[Records from a data source]
──────────

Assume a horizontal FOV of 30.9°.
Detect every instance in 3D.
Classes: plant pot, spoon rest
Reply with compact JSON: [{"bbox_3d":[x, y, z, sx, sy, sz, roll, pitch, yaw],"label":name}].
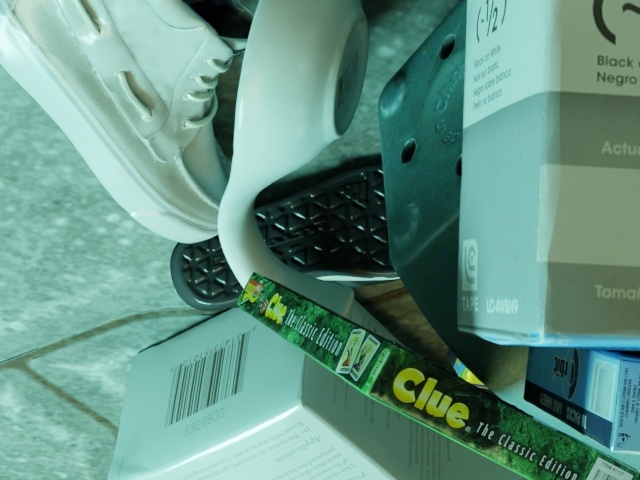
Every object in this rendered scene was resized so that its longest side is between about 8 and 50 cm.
[{"bbox_3d":[0.175,-0.036,0.680,0.252,0.247,0.248,19,136,-25],"label":"plant pot"},{"bbox_3d":[-0.021,-0.053,0.704,0.084,0.137,0.276,12,132,14],"label":"spoon rest"}]

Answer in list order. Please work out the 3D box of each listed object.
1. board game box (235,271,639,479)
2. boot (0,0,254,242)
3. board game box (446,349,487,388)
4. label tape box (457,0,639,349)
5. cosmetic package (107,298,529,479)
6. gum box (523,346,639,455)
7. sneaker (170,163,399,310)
[{"bbox_3d":[0.044,0.071,0.607,0.136,0.030,0.260,31,176,-17],"label":"board game box"},{"bbox_3d":[-0.086,-0.094,0.694,0.123,0.095,0.258,-18,143,19],"label":"boot"},{"bbox_3d":[0.205,0.057,0.919,0.170,0.048,0.141,11,115,-19],"label":"board game box"},{"bbox_3d":[0.195,-0.125,0.483,0.249,0.347,0.115,3,179,-9],"label":"label tape box"},{"bbox_3d":[0.031,0.222,1.010,0.217,0.156,0.385,-27,126,27],"label":"cosmetic package"},{"bbox_3d":[0.203,0.075,0.536,0.184,0.041,0.157,7,179,-2],"label":"gum box"},{"bbox_3d":[0.000,0.000,0.863,0.235,0.084,0.097,-10,171,4],"label":"sneaker"}]
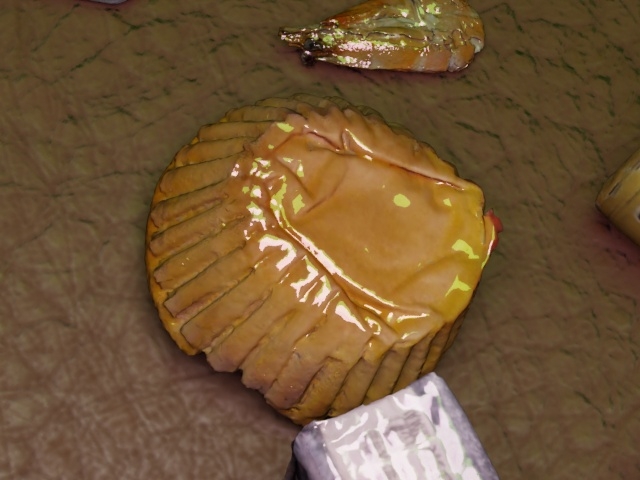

──────────

= Assignment =
All of the data above should be quoted exactly, except for the pictures.

= Answer section =
Assume a horizontal FOV of 30.9°.
Detect every instance in 3D.
Classes: plant pot, spoon rest
Reply with compact JSON: [{"bbox_3d":[x, y, z, sx, sy, sz, roll, pitch, yaw],"label":name}].
Every object in this rendered scene was resized so that its longest side is between about 8 and 50 cm.
[{"bbox_3d":[0.175,-0.036,0.680,0.252,0.247,0.248,19,136,-25],"label":"plant pot"},{"bbox_3d":[-0.021,-0.053,0.704,0.084,0.137,0.276,12,132,14],"label":"spoon rest"}]

Answer in list order. Please work out the 3D box of each listed object.
1. board game box (235,271,639,479)
2. boot (0,0,254,242)
3. board game box (446,349,487,388)
4. label tape box (457,0,639,349)
5. cosmetic package (107,298,529,479)
6. gum box (523,346,639,455)
7. sneaker (170,163,399,310)
[{"bbox_3d":[0.044,0.071,0.607,0.136,0.030,0.260,31,176,-17],"label":"board game box"},{"bbox_3d":[-0.086,-0.094,0.694,0.123,0.095,0.258,-18,143,19],"label":"boot"},{"bbox_3d":[0.205,0.057,0.919,0.170,0.048,0.141,11,115,-19],"label":"board game box"},{"bbox_3d":[0.195,-0.125,0.483,0.249,0.347,0.115,3,179,-9],"label":"label tape box"},{"bbox_3d":[0.031,0.222,1.010,0.217,0.156,0.385,-27,126,27],"label":"cosmetic package"},{"bbox_3d":[0.203,0.075,0.536,0.184,0.041,0.157,7,179,-2],"label":"gum box"},{"bbox_3d":[0.000,0.000,0.863,0.235,0.084,0.097,-10,171,4],"label":"sneaker"}]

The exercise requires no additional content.